--- TASK DIRECTIONS ---
Set the records down again, exactly, without their images.

--- DATA FOR THIS EXERCISE ---
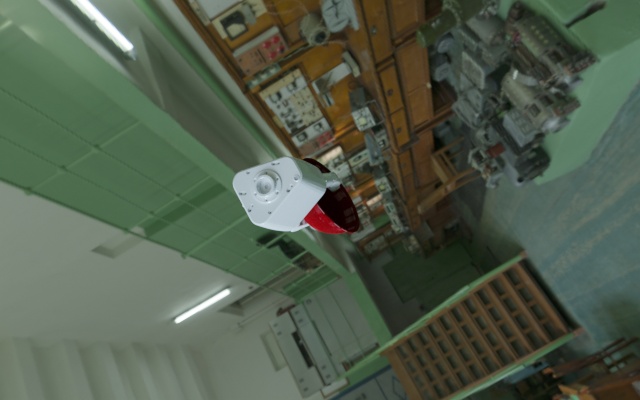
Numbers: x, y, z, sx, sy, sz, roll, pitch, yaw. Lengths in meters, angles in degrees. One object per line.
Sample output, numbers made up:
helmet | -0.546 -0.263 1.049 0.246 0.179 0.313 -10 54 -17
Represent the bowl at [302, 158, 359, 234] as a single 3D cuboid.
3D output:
bowl | 0.001 0.003 0.868 0.055 0.162 0.162 -37 -16 22
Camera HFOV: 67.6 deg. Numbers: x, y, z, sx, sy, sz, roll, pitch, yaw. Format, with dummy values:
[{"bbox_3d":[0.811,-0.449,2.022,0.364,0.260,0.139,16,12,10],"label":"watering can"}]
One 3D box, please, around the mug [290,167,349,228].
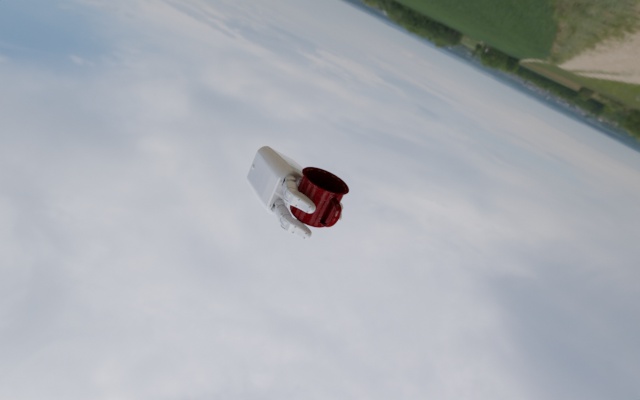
[{"bbox_3d":[0.001,0.004,0.868,0.093,0.081,0.117,4,32,-39],"label":"mug"}]

--- RESULT FOR THIS EXERCISE ---
Numbers: x, y, z, sx, sy, sz, roll, pitch, yaw. Lengths in meters, angles in degrees. One object per line.
Sample output, numbers made up:
helmet | -0.546 -0.263 1.049 0.246 0.179 0.313 -10 54 -17
Represent the bowl at [302, 158, 359, 234] as a single 3D cuboid.
3D output:
bowl | 0.001 0.003 0.868 0.055 0.162 0.162 -37 -16 22
Camera HFOV: 67.6 deg. Numbers: x, y, z, sx, sy, sz, roll, pitch, yaw. Format, with dummy values:
[{"bbox_3d":[0.811,-0.449,2.022,0.364,0.260,0.139,16,12,10],"label":"watering can"}]
One 3D box, please, around the mug [290,167,349,228].
[{"bbox_3d":[0.001,0.004,0.868,0.093,0.081,0.117,4,32,-39],"label":"mug"}]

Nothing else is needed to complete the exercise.